3.1. Descriptive statistics

Table 1 summarizes the annual averages of the NO2 concentrations for the periods 2002–2005 and 2006–2009, respectively, in the four metropolitan areas (Lille, Paris, Lyon and Marseille). The Lyon metropolitan area had the largest decrease of NO2 concentrations between the two periods (−11.5%), from 43.6 µg/m3 (SD=5.4) to 38. 6 µg/m3 (SD=6.3). The Marseille metropolitan area had the smallest difference (−3.3%) with 33 µg/m3 (SD=10.2) for the first period and 31.9 µg/m3 (SD=9.8) for the second. The Paris metropolitan area had the highest level of NO2 concentrations for both periods, with 47.4µg/m3 (SD=9.3) for the first and 44.2µg/m3 (SD=9.9) for the second (−6.8 %). In all the metropolitan areas, neighborhoods with the highest concentrations are downtown and along the major roads linking the cities (Figure 3).

Figure 3.

Figure 3

Maps of the spatial distribution of the average of NO2 concentrations in µg/m3 in tertiles for 2002 – 2005 and 2006 – 2009 for Lille, Lyon, Marseille, Paris Metropolitan areas.

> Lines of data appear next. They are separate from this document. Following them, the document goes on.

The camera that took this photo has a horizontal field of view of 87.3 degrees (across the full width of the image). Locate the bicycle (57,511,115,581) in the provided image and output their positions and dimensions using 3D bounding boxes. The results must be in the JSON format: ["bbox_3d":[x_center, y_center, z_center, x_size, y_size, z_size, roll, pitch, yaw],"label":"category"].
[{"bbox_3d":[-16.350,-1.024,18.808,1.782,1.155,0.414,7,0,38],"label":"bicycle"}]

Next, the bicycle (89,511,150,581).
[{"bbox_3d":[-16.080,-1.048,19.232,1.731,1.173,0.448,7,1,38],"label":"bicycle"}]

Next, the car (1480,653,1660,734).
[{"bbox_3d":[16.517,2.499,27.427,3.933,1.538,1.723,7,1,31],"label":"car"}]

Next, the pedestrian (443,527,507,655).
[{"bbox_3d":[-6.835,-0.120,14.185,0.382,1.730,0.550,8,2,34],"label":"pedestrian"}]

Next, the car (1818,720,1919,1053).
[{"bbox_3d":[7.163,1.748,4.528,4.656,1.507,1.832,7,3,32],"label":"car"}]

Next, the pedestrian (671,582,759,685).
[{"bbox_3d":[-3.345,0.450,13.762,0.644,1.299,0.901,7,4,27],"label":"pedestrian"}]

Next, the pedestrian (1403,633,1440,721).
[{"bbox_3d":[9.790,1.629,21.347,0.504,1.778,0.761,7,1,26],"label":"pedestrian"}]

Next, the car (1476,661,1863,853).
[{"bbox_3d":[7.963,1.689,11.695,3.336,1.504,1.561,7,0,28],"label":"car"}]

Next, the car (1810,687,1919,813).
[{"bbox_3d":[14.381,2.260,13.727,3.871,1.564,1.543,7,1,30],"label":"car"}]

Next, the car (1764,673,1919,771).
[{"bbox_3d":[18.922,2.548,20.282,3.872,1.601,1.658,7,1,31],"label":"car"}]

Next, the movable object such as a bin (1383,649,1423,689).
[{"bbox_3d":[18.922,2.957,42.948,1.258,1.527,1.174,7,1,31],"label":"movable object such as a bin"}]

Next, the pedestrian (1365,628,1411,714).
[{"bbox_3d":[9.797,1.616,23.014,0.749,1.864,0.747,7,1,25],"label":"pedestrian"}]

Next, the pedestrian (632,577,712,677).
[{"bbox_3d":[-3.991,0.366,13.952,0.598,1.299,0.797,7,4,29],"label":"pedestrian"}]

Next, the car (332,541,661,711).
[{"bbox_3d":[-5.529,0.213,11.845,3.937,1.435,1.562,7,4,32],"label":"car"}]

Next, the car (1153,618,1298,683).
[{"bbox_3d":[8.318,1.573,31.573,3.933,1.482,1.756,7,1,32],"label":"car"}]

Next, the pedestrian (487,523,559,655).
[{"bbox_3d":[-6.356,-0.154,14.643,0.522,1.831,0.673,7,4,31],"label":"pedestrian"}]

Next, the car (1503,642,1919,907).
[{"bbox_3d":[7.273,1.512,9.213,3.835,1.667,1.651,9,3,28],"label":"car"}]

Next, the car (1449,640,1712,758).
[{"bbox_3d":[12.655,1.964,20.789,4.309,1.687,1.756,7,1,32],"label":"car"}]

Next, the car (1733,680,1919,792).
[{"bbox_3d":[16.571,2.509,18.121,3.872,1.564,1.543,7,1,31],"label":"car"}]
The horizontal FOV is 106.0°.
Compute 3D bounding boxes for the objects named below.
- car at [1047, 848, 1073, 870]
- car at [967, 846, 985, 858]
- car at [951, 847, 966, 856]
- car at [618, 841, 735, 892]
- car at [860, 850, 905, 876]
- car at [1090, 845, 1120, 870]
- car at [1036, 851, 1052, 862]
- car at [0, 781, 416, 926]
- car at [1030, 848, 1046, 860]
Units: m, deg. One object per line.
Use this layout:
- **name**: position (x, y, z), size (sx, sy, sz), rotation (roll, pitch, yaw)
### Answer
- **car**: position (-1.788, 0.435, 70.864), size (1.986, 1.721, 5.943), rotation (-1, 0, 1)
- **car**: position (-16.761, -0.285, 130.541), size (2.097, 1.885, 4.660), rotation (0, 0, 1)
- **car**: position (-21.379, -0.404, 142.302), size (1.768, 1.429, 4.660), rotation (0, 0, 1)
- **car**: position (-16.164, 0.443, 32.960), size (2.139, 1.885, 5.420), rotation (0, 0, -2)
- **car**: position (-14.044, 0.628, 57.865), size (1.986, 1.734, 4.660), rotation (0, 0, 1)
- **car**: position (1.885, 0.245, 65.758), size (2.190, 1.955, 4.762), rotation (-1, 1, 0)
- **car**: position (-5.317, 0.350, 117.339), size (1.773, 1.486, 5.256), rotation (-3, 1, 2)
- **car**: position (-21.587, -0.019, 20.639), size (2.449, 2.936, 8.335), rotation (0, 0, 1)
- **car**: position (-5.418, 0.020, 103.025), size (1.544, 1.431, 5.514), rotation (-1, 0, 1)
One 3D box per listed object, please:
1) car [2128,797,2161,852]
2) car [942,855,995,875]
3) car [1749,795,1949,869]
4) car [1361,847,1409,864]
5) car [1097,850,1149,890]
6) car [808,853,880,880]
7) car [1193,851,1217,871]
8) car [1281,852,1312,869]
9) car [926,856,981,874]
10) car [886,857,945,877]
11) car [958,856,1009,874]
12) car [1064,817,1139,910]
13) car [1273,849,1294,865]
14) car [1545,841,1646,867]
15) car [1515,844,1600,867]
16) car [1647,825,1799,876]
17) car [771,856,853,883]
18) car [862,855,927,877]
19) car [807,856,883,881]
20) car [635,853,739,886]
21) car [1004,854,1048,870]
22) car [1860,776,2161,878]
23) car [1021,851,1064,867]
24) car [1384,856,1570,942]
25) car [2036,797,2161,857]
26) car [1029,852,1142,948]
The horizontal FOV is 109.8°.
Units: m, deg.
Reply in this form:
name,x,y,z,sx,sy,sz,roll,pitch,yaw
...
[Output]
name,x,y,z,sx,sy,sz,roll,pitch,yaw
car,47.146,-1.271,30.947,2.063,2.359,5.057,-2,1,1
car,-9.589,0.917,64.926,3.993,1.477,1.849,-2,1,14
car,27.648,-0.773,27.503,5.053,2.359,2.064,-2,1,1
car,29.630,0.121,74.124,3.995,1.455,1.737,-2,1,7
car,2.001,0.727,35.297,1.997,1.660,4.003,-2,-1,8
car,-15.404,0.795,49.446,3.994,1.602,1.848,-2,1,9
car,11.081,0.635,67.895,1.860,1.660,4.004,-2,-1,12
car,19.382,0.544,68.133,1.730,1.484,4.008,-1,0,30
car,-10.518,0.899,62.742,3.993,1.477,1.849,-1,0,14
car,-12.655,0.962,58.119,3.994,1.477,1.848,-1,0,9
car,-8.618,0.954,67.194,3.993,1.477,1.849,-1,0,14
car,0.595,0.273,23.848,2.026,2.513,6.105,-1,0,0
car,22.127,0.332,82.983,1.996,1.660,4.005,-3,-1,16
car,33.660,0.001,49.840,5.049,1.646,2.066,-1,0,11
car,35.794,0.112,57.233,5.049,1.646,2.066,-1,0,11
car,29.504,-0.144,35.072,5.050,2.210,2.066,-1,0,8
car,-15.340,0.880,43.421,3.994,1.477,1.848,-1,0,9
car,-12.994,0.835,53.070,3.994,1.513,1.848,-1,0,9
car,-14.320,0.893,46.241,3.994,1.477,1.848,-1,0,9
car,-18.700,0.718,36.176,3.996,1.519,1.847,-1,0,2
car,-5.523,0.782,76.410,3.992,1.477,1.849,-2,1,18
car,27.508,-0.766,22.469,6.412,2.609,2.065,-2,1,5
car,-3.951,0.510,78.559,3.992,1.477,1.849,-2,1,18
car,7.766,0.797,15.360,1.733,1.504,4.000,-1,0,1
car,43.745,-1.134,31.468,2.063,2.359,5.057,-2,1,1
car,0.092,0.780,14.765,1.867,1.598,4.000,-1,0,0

Neighborhood socioeconomic variables present similar patterns between the two periods (Table 1). All metropolitan areas are characterized by an increased proportion of insecure jobs and of immigrants and a decreased proportion of single parent families. But there were also specific patterns depending on the metropolitan area. Marseille has the highest proportion of unemployment and the lowest rate of subsidized housing whereas Paris has the highest proportion of white collar jobs and non-homeownership. Figure 2 presents the spatial distribution of the deprivation index in tertiles and shows strong contrasts within each metropolitan area. In Lille and Marseille, the most deprived areas are located in the urban center and in the major cities (Lille and Roubaix for the Lille metropolitan area, and Marseille and Aix-en-Provence for the Marseille metropolitan area) (Figure 2). In Lyon, the East suburb is most deprived, whereas in Paris, the most deprived areas are concentrated in the north and the south-eastern part of the metropolitan area (Figure 2).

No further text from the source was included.